Each cluster is assumed to have a probability density with certain parameters (e.g. Multivariate Gaussian). The goal of Density Based clustering is to determine the number of such model components (i.e. clusters) in a data set, and the parameters of the probability density of each component. Once the components of the whole data set are determined, a Density Based cluster may indicate the probability of each variable belonging to a particular cluster. Number of clusters is determined using cross-validation. Each variable has a probability distributiona indicating the probability of the variable belonging to each of the clusters.

Method parameters

Data files
Raw data files correspondent to the samples selected to bi in the projection plot.
Colouring style
The dots corresponding to every sample can be colored depending on the sample's parameter state or on the file.
Peak measuring approach
It can take two values: height or area. The projections will be calculated using one of this two values.
Peaks
Peaks that will be taken into account to create the projection plot.
Visualization
The visualization of the result of non hierarchical clustering algorithms can be performed using PCA or Sammon's projection
Type of data
It can take two values: Samples or variables. The clustering will be applied to one of this types of data.
Algorithm
Algorithm that will be used to cluster the data.
Link type
This parameters is only enable when the hierarchical clustering has been chosen.

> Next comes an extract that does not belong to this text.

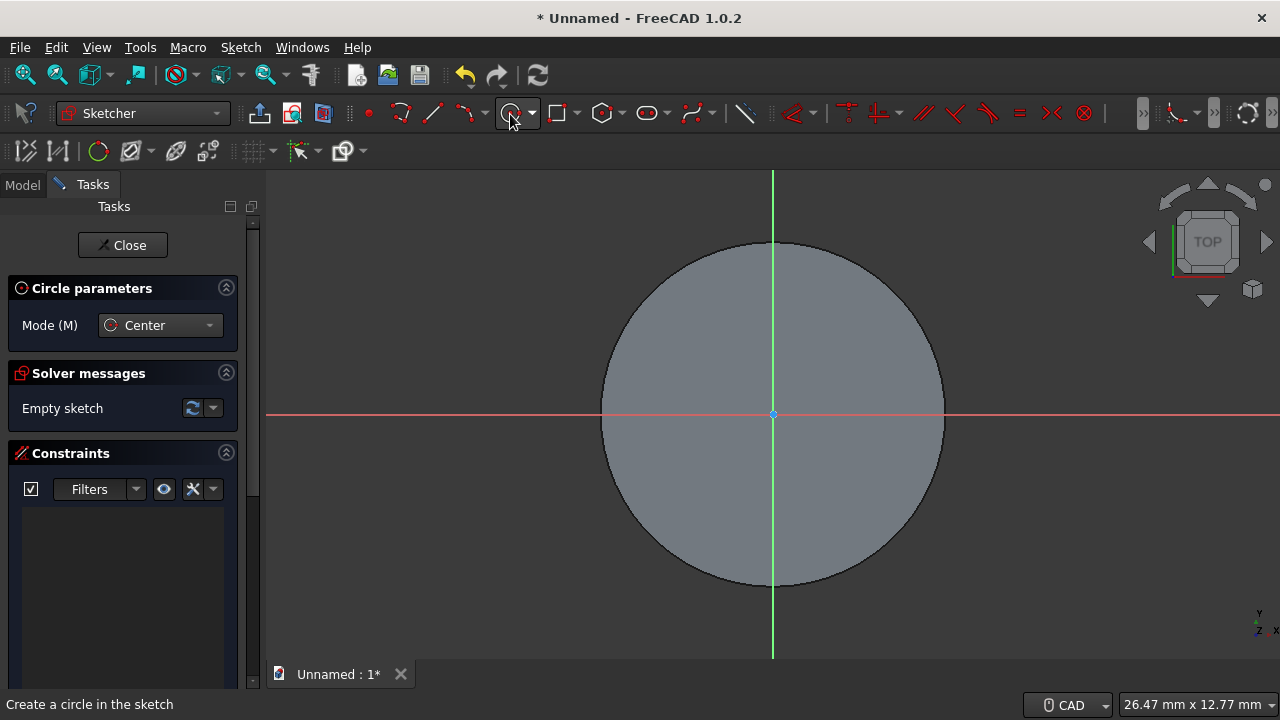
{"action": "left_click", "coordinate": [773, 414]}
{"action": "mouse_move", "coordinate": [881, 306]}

The distances between clusters is determined by the chosen linkage.
Distance fuction
This parameters is only enable when the hierarchical clustering has been chosen. The distances between points is determined by the chosen distance function.
Number of groups
The number of clusters has to be defined by the user in advance for some clustering algorithms. This parameter is available only when K-means or Farthest First algorithm are chosen.